Mark Stephens: The claim is essentially that there was an unlawful acquisition of information by the newspaper—sometimes by hacking, but sometimes by deception. Given that in previous cases, judges have made findings about particular journalists being involved with particular private detectives who got information
unlawfully, the question is: How did they get information [about Harry] which wasn’t in the public domain? And the inability to demonstrate where the information comes from creates an inference of hacking.
But there’s an unusual feature with this particular claim because News Group says Prince Harry knew about the possibility of his claim for more than six years, and therefore it falls outside the statute
of limitations. So the first question is whether this is time-barred, and here there is an additional layer of complexity because it’s asserted that [Murdoch’s company] did a deal with Buckingham Palace to give Prince William good publicity. And as a consequence of that, members of the royal family—William and Harry—[agreed they] wouldn’t sue. So there becomes the question of first, did Harry know about the claim, and second, did he know about the compromise of the claim?
That’s quite a lot! Obviously, this trial isn’t just about how reporters got salacious information, is it?
It’s a slightly more interesting claim in some respects, because the trial is going to delve into some of the backroom deals that Harry says were done,
and are probably more embarrassing, both for the newspaper and the palace. Was there a secret deal for the newspaper to give good publicity to the royal family, and in return, they undertook not to sue? The judge has to make that determination first. If the newspaper loses the time-bar issue, I think it’s almost certain that Harry will win at least some of the unlawful acquisition of information claims. The time-bar issue is really important, which is why the newspaper is bringing in a very
eminent king’s counsel to cross-examine Harry.
Harry is scheduled to be in the witness box for four days. Any idea what he’ll be questioned about?
They’re going to try and destroy him in cross-examination, because Harry’s case is pretty straightforward. Harry says, “There may have been people in the
palace who knew about this unlawful intrusion, but I didn’t know, and therefore I wasn’t able to exercise my rights.” The newspaper, on the other hand, says, “Well, of course you knew, and you had every opportunity to bring your claim, and you just missed the time.”

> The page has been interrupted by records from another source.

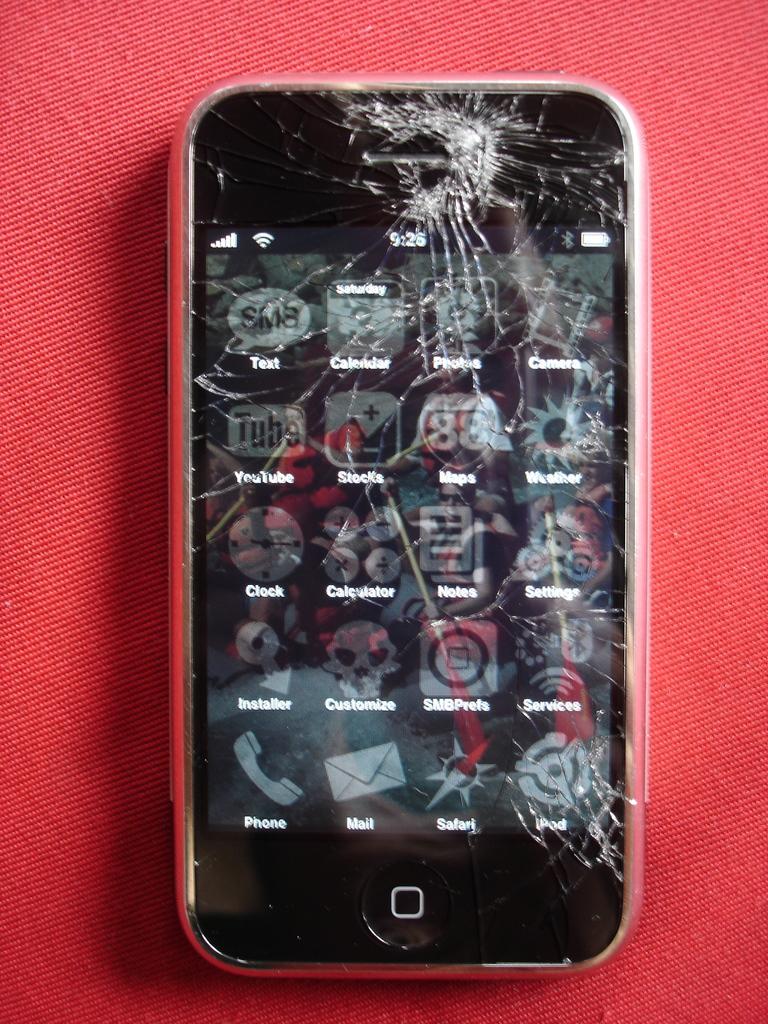What time is on the phone?
Offer a terse response. 9:26. What is the first app on the 2nd row?
Ensure brevity in your answer.  Youtube. 
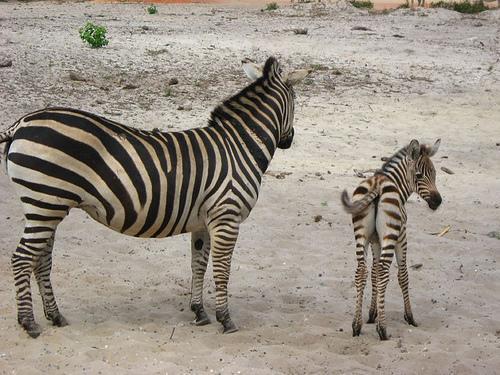How many red crabs are walking in the sand beneath the zebras?
Give a very brief answer. 0. 
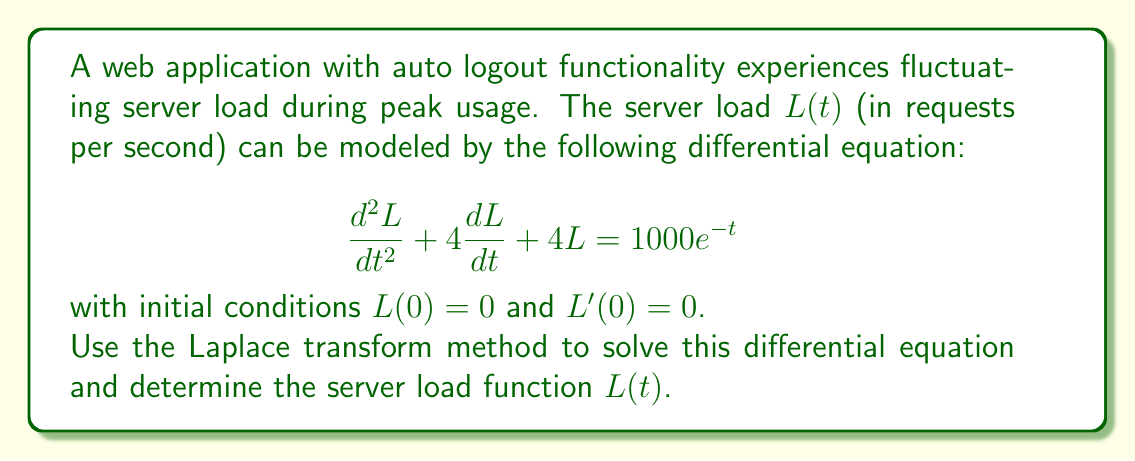Could you help me with this problem? Let's solve this step-by-step using the Laplace transform method:

1) First, let's take the Laplace transform of both sides of the equation. Let $\mathcal{L}\{L(t)\} = F(s)$.

   $$\mathcal{L}\{\frac{d^2L}{dt^2} + 4\frac{dL}{dt} + 4L\} = \mathcal{L}\{1000e^{-t}\}$$

2) Using Laplace transform properties:

   $$s^2F(s) - sL(0) - L'(0) + 4(sF(s) - L(0)) + 4F(s) = \frac{1000}{s+1}$$

3) Substituting the initial conditions $L(0) = 0$ and $L'(0) = 0$:

   $$s^2F(s) + 4sF(s) + 4F(s) = \frac{1000}{s+1}$$

4) Factoring out $F(s)$:

   $$F(s)(s^2 + 4s + 4) = \frac{1000}{s+1}$$

5) Solving for $F(s)$:

   $$F(s) = \frac{1000}{(s+1)(s^2 + 4s + 4)} = \frac{1000}{(s+1)(s+2)^2}$$

6) Now we need to find the inverse Laplace transform. We can use partial fraction decomposition:

   $$F(s) = \frac{A}{s+1} + \frac{B}{s+2} + \frac{C}{(s+2)^2}$$

7) Solving for $A$, $B$, and $C$:

   $$A = 250, B = -500, C = 250$$

8) Therefore:

   $$F(s) = \frac{250}{s+1} - \frac{500}{s+2} + \frac{250}{(s+2)^2}$$

9) Taking the inverse Laplace transform:

   $$L(t) = 250e^{-t} - 500e^{-2t} + 250te^{-2t}$$

This is the solution to the differential equation.
Answer: $L(t) = 250e^{-t} - 500e^{-2t} + 250te^{-2t}$ 
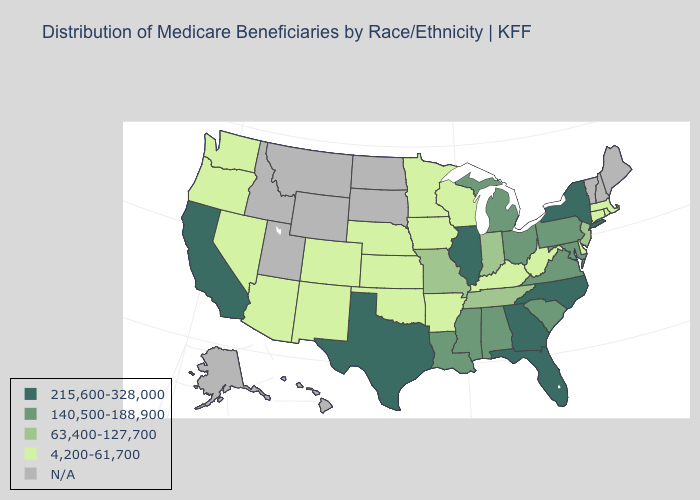Does Georgia have the highest value in the USA?
Quick response, please. Yes. How many symbols are there in the legend?
Quick response, please. 5. What is the highest value in states that border Idaho?
Write a very short answer. 4,200-61,700. Which states have the lowest value in the South?
Answer briefly. Arkansas, Delaware, Kentucky, Oklahoma, West Virginia. How many symbols are there in the legend?
Concise answer only. 5. Among the states that border Louisiana , does Arkansas have the lowest value?
Short answer required. Yes. Does the map have missing data?
Write a very short answer. Yes. Among the states that border Maryland , which have the highest value?
Short answer required. Pennsylvania, Virginia. Name the states that have a value in the range 215,600-328,000?
Be succinct. California, Florida, Georgia, Illinois, New York, North Carolina, Texas. What is the value of Pennsylvania?
Keep it brief. 140,500-188,900. Is the legend a continuous bar?
Concise answer only. No. What is the value of Alaska?
Write a very short answer. N/A. 
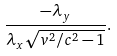<formula> <loc_0><loc_0><loc_500><loc_500>\frac { - \lambda _ { y } } { \lambda _ { x } \sqrt { { v ^ { 2 } / c ^ { 2 } - 1 } } } .</formula> 
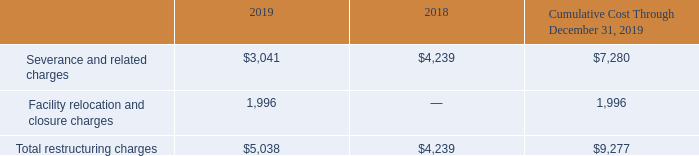ADVANCED ENERGY INDUSTRIES, INC. NOTES TO CONSOLIDATED FINANCIAL STATEMENTS – (continued) (in thousands, except per share amounts)
The table below summarizes the restructuring charges for the years ended:
What were the severance and related charges in 2019?
Answer scale should be: thousand. $3,041. What were the Facility relocation and closure charges in 2019?
Answer scale should be: thousand. 1,996. What was the total restructuring charges in 2018?
Answer scale should be: thousand. $4,239. What was the change in Severance and related charges between 2018 and 2019?
Answer scale should be: thousand. 3,041-4,239
Answer: -1198. What percentage of total restructuring charges in 2019 consisted of Facility relocation and closure charges?
Answer scale should be: percent. 1,996/5,038
Answer: 39.62. What was the percentage change in total restructuring charges between 2018 and 2019?
Answer scale should be: percent. ($5,038-$4,239)/$4,239
Answer: 18.85. 
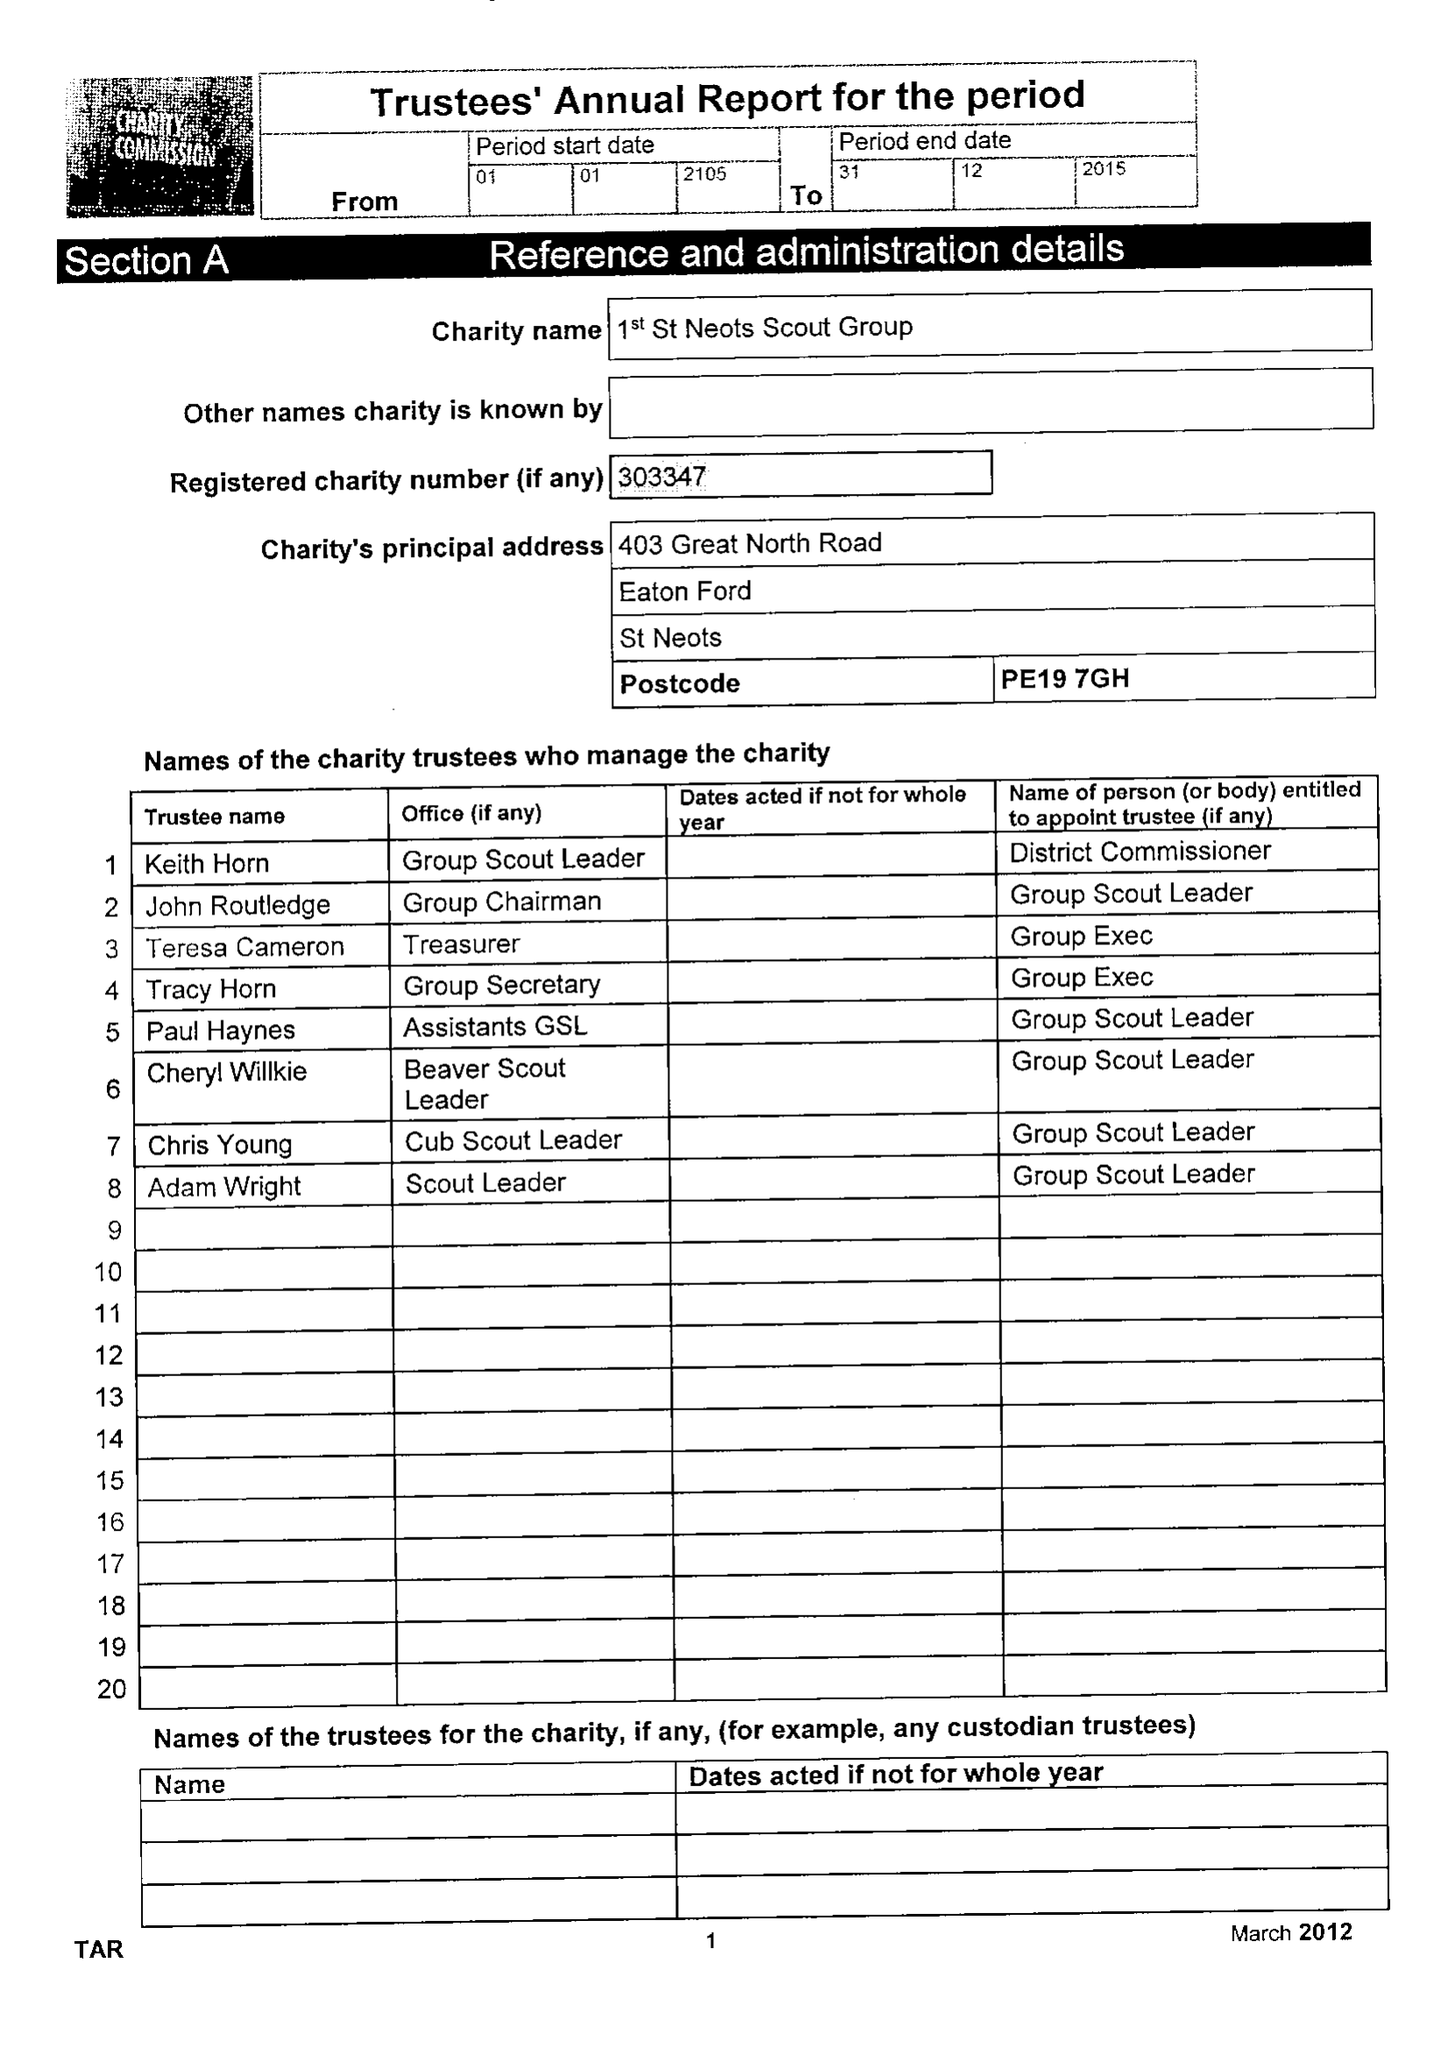What is the value for the report_date?
Answer the question using a single word or phrase. 2015-12-31

Do you have any idea what damages Harry needs to win to no longer be in the red for bringing this legal
proceeding?
I think the answer is that this is not an economic case. Harry has made it clear that he’s not in it to either cover or make his cost. He wants accountability. He feels that his life has been intruded upon, that it’s had an impact on his relationships with others. And then you layer on top of that, the way in which the media treated Princess Diana, his mother. And of course, you start to understand why this is such an
issue of principle for Harry.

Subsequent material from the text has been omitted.